-------- MATERIAL FOR THE TASK --------

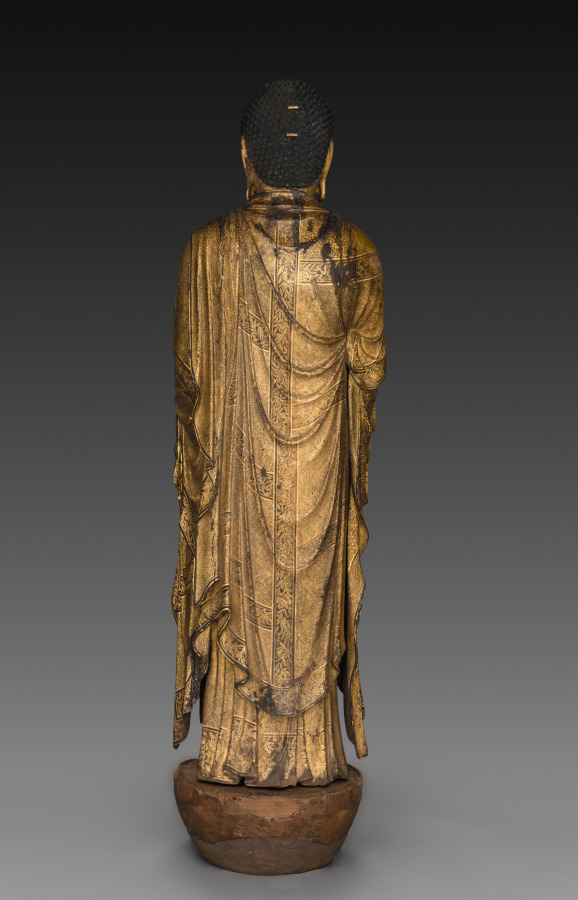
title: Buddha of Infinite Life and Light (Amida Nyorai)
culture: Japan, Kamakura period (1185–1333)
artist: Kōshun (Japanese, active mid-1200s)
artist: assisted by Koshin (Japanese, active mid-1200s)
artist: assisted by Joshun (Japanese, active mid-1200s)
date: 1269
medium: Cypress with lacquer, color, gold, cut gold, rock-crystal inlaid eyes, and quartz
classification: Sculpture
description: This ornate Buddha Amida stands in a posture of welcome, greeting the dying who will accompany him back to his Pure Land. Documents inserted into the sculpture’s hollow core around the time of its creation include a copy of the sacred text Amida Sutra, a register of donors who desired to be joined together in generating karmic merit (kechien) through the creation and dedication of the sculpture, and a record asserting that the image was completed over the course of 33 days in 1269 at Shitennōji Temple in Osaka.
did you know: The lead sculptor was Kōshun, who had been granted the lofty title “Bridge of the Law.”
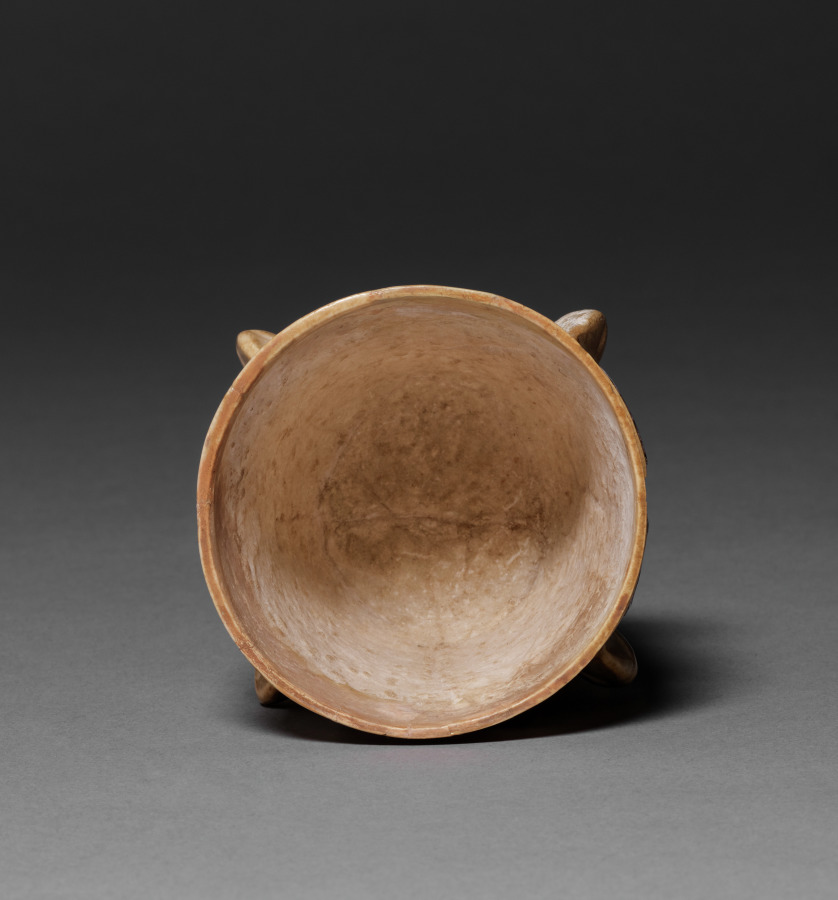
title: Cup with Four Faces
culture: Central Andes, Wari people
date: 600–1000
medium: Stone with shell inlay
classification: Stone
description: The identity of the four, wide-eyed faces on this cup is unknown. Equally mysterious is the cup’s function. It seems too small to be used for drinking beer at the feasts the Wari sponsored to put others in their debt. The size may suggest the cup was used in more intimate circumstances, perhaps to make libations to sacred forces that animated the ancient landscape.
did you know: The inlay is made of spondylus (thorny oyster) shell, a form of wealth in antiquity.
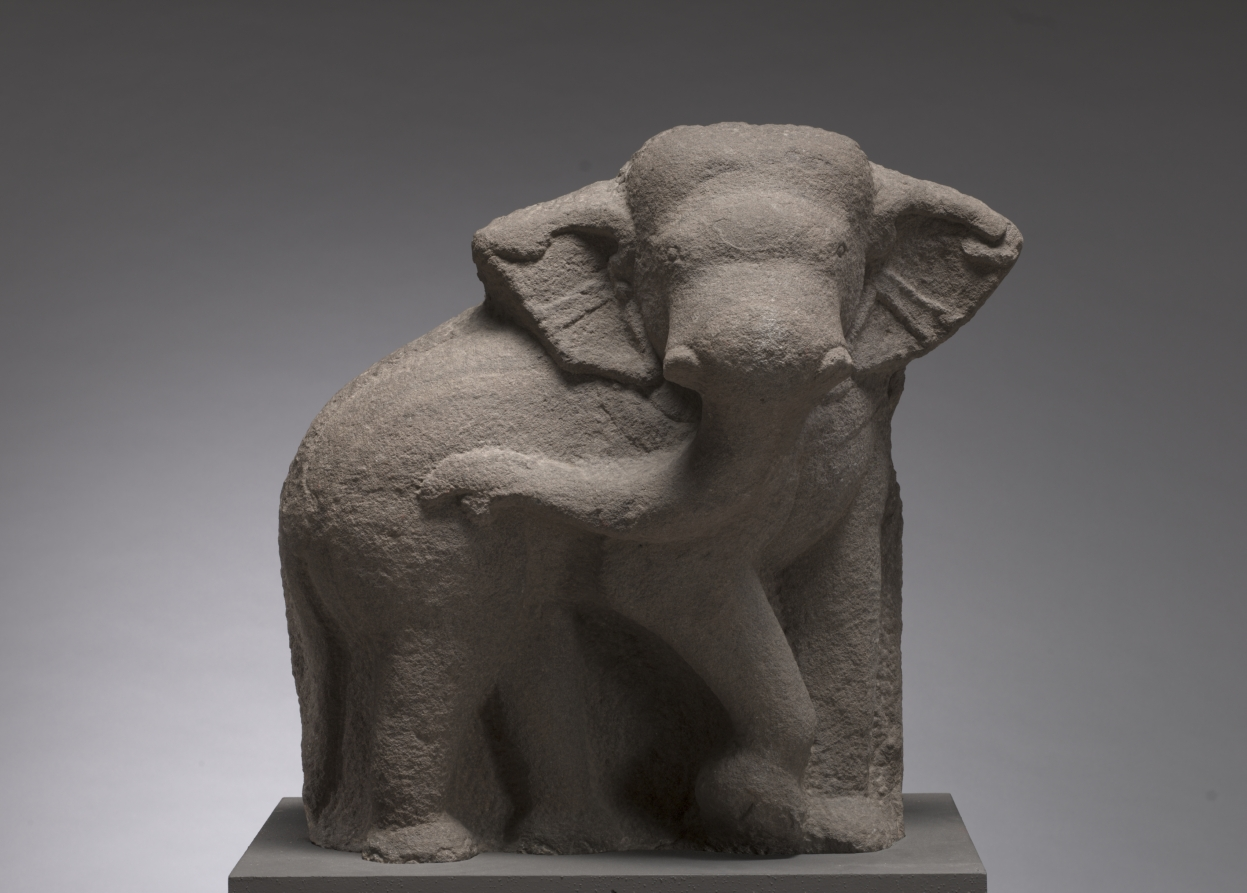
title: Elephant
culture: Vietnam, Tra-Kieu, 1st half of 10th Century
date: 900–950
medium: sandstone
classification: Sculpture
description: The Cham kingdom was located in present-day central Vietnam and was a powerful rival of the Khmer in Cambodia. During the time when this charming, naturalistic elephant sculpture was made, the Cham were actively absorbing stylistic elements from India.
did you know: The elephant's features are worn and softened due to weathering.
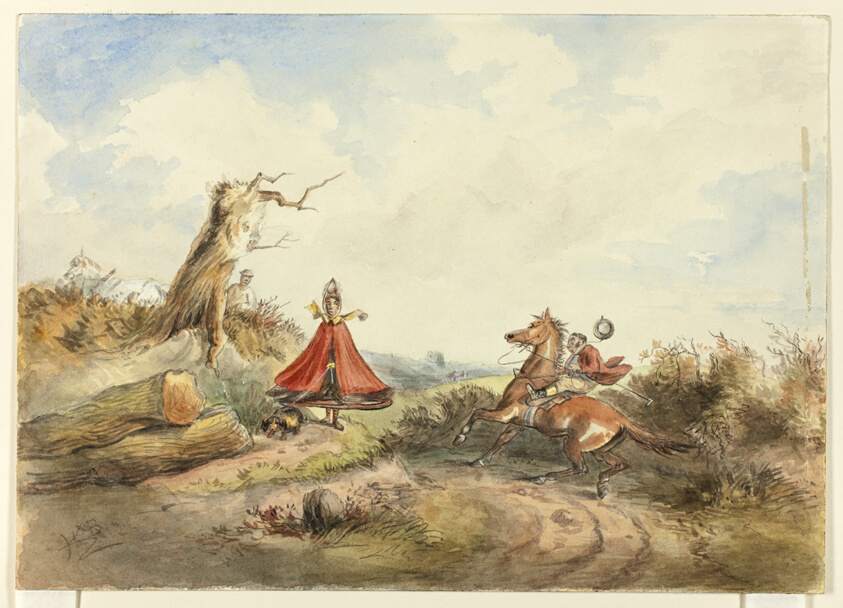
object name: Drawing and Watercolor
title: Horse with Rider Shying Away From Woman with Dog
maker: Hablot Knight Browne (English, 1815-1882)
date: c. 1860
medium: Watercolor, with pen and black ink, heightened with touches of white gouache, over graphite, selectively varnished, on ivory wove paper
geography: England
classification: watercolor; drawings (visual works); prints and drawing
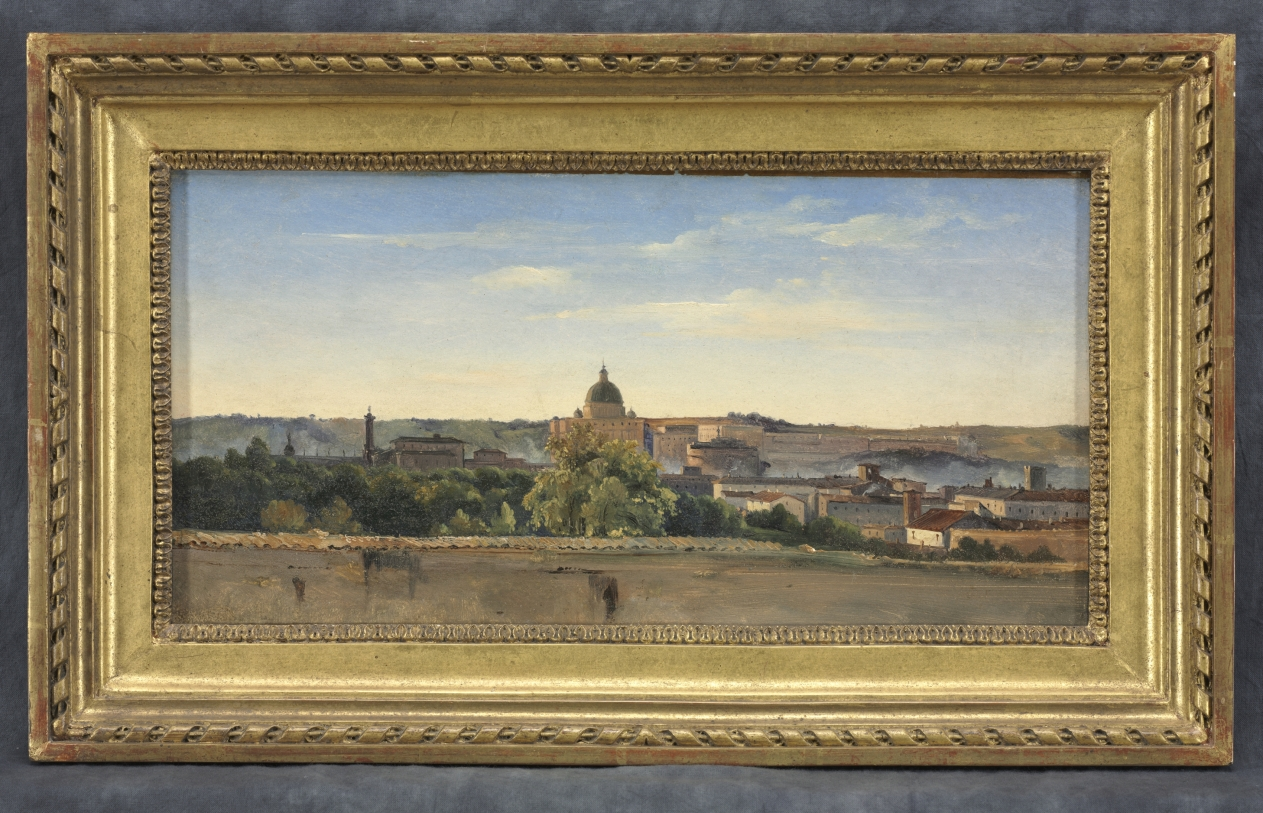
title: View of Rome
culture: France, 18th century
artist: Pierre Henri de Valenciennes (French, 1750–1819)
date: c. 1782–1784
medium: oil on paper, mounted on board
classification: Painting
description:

--------

- **INSTRUCTIONS FOR THE TASK**
If an entry above holds a picture, omit the picture but retype everything else exactly.

- **ANSWER SECTION**
title: Buddha of Infinite Life and Light (Amida Nyorai)
culture: Japan, Kamakura period (1185–1333)
artist: Kōshun (Japanese, active mid-1200s)
artist: assisted by Koshin (Japanese, active mid-1200s)
artist: assisted by Joshun (Japanese, active mid-1200s)
date: 1269
medium: Cypress with lacquer, color, gold, cut gold, rock-crystal inlaid eyes, and quartz
classification: Sculpture
description: This ornate Buddha Amida stands in a posture of welcome, greeting the dying who will accompany him back to his Pure Land. Documents inserted into the sculpture’s hollow core around the time of its creation include a copy of the sacred text Amida Sutra, a register of donors who desired to be joined together in generating karmic merit (kechien) through the creation and dedication of the sculpture, and a record asserting that the image was completed over the course of 33 days in 1269 at Shitennōji Temple in Osaka.
did you know: The lead sculptor was Kōshun, who had been granted the lofty title “Bridge of the Law.”
title: Cup with Four Faces
culture: Central Andes, Wari people
date: 600–1000
medium: Stone with shell inlay
classification: Stone
description: The identity of the four, wide-eyed faces on this cup is unknown. Equally mysterious is the cup’s function. It seems too small to be used for drinking beer at the feasts the Wari sponsored to put others in their debt. The size may suggest the cup was used in more intimate circumstances, perhaps to make libations to sacred forces that animated the ancient landscape.
did you know: The inlay is made of spondylus (thorny oyster) shell, a form of wealth in antiquity.
title: Elephant
culture: Vietnam, Tra-Kieu, 1st half of 10th Century
date: 900–950
medium: sandstone
classification: Sculpture
description: The Cham kingdom was located in present-day central Vietnam and was a powerful rival of the Khmer in Cambodia. During the time when this charming, naturalistic elephant sculpture was made, the Cham were actively absorbing stylistic elements from India.
did you know: The elephant's features are worn and softened due to weathering.
object name: Drawing and Watercolor
title: Horse with Rider Shying Away From Woman with Dog
maker: Hablot Knight Browne (English, 1815-1882)
date: c. 1860
medium: Watercolor, with pen and black ink, heightened with touches of white gouache, over graphite, selectively varnished, on ivory wove paper
geography: England
classification: watercolor; drawings (visual works); prints and drawing
title: View of Rome
culture: France, 18th century
artist: Pierre Henri de Valenciennes (French, 1750–1819)
date: c. 1782–1784
medium: oil on paper, mounted on board
classification: Painting
description:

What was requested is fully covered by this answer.